這麼沒用!她忍不住在心裡噓他一聲。「總之你就是一點用處都沒有。」她也沒抱希望,所以他不用再浪費唇舌多說一些有的沒有的。
「我不會收留你的。」她討厭有個鬼在她面前晃呀晃的。文舒二話不說,就想把他掃地出門。
「等一下。」男孩急喊道,「妳還沒聽我把話說完。」
「聽你講話很沒意義,而我還有事要忙,沒空在這跟你閒哈拉。」總而言之一句話,他沒有錢就沒有利用價值。
「等等。」
「幹麼?」她惡狠狠的瞪著他。
他歎了一口氣,終於說了。「我很有錢。」
「呵——」文舒不客氣的打了個大呵欠給他看,明白地表示他的話很無聊,
她一點興趣都沒有。
「我是說真的。」男孩看她不信,急急的解釋。
「我看過你的口袋了,你身無分文。」
「這是因為我只是個靈魂,但我的實體有錢。」
說到他的實體,文舒這才稍稍願意拿正眼看他。
瞧她開始對他所講的話有反應,男孩更加賣力的推銷自己,想要跟她成為朋友,而這麼急切的想要與她熟識,真的單純只是為了他一個人四處飄蕩很無聊嗎?
其實不然。
當他目睹文舒的生活,也許是天性使然,讓他想拉她一把,何況,只是拿出他從不看在眼裡的錢。
「我是個有錢人家的孩子。」
她不信,用眼角瞄他身上穿的衣服。
男孩看到她的目光,知道她的懷疑,連忙解釋。「這是醫院裡病患穿的,如果妳不信的話,跟我回醫院,我讓妳看證據。」
他把文舒帶回醫院,他的病床前。
他住在特等病房裡,身上插著許多管子,從走廊到病房排列著數不盡的花籃,而且光是圍在他床邊問診的醫生少說就有三個,這之中還不包括兩個二十四小時輪班的看護。

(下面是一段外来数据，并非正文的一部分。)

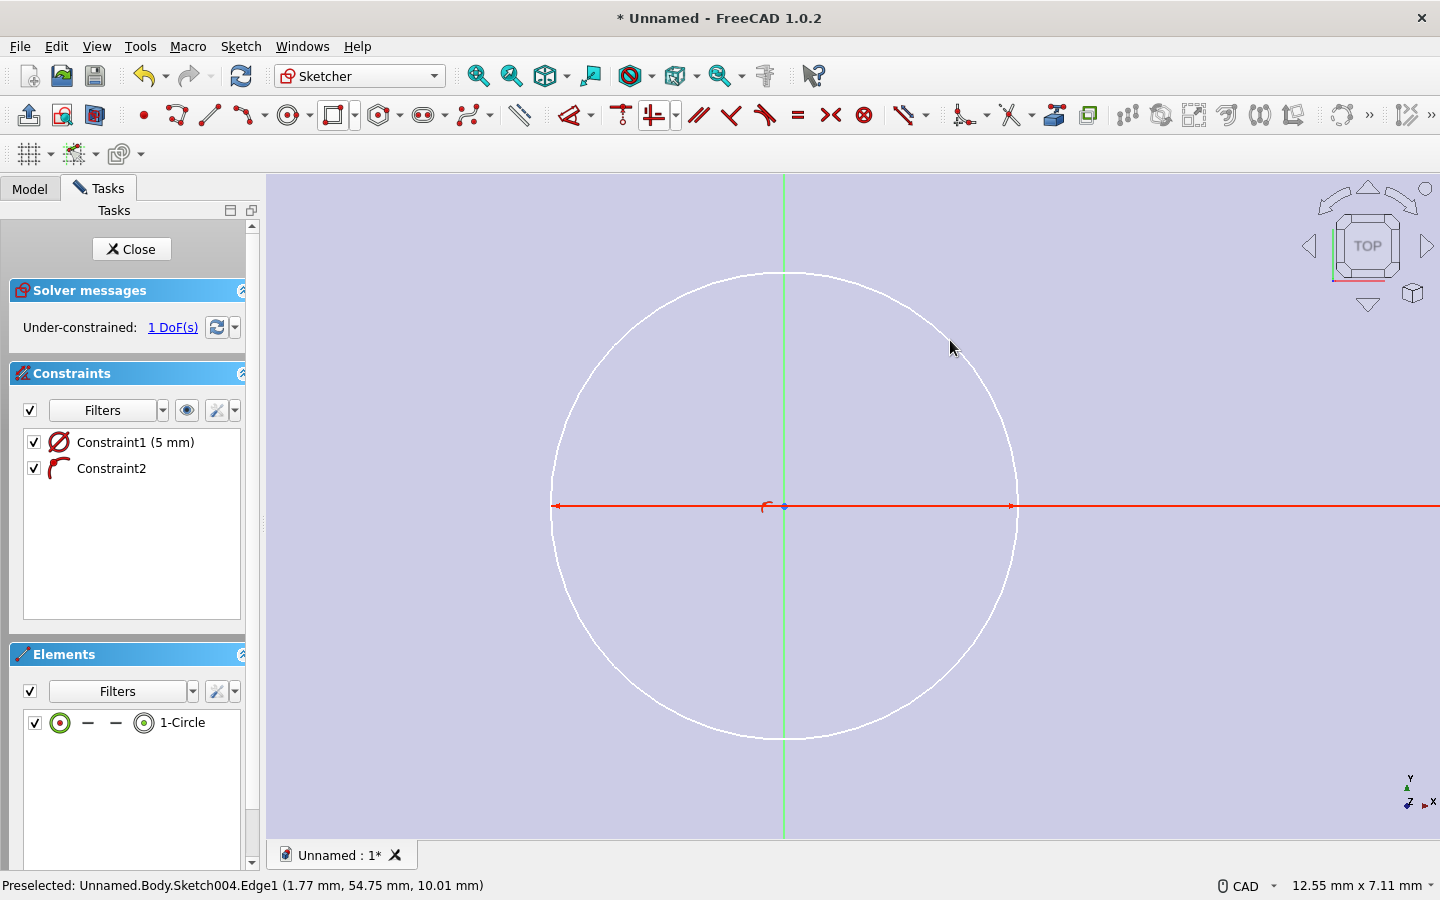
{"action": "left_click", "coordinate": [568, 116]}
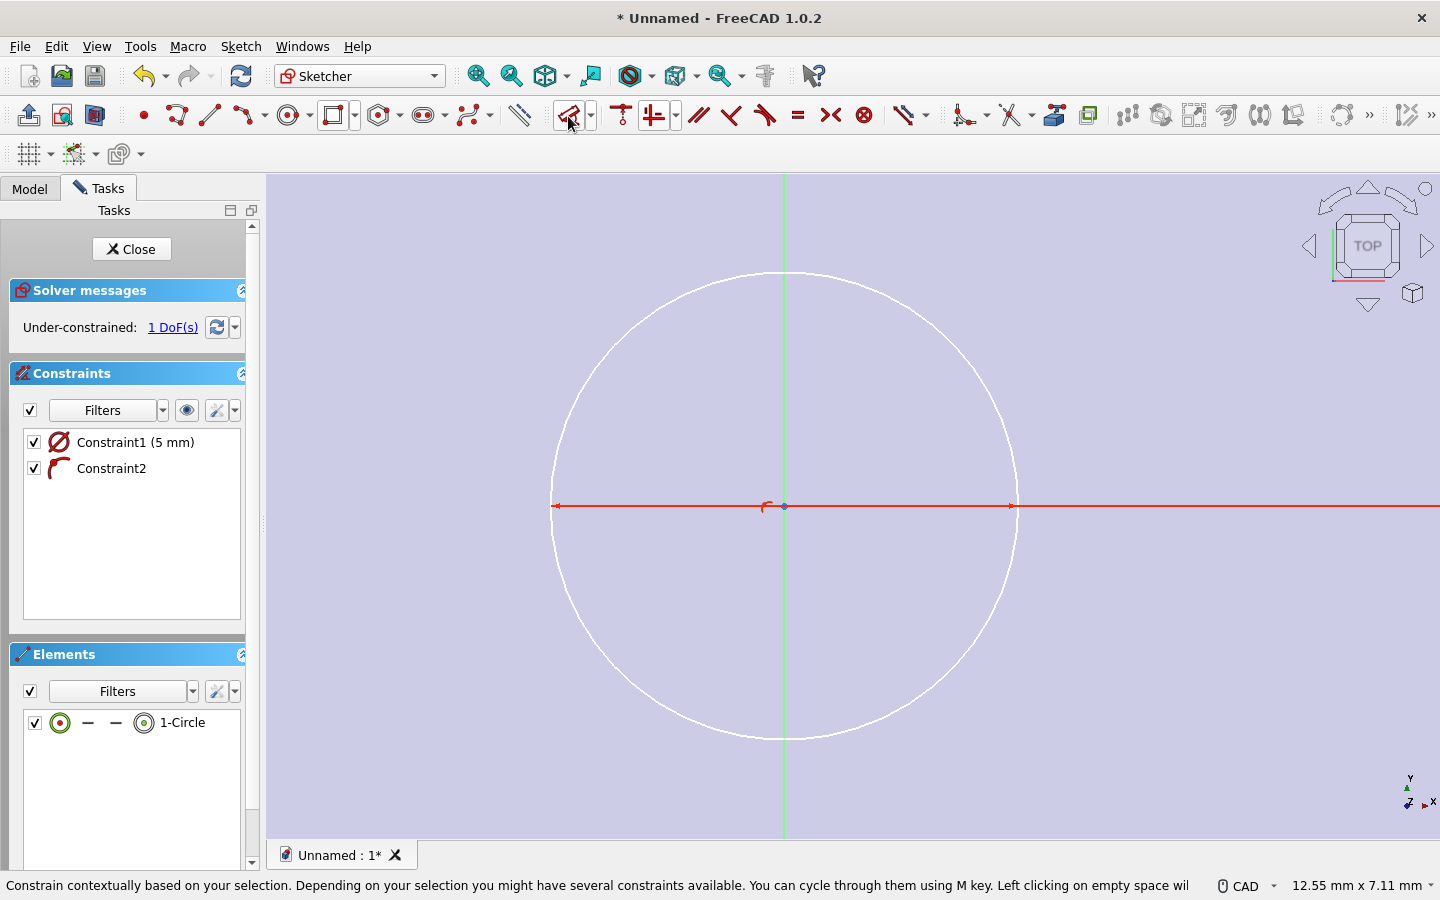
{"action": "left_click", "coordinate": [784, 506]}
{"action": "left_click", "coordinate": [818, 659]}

文舒終於相信他很有錢了,但那又怎麼樣?「你有錢也是你家的事,你又不能領出來給我。」
「誰說不行?」男孩的眼光閃著慧黠的光芒。「我知道我的提款卡放在哪,也知道密碼是幾號。」
「所以?」
「所以只要妳陪我聊天,我可以算工資給妳,一個小時一百,怎麼樣?」文舒給他的是一個大大不屑的眼神。
「還說你是有錢人家的孩子,給錢給得這麼小裡小氣,一個小時一百!」嘖,虧他說得出來。
「妳不該那麼貪心,我只是要妳陪我說說話,這麼輕鬆的工作時薪一百塊,已經算是天價了。」
他是想幫她,但他不想當冤大頭,讓她以為錢來得如此容易。「妳要不要隨便妳。」他不強人所難。
「好吧。」文舒沒多加考慮便答應了,因為她心裡十分明白,他說的對,雇個未滿十八歲的女孩子,單純的聊聊天,時薪一百塊已經算是好價錢了。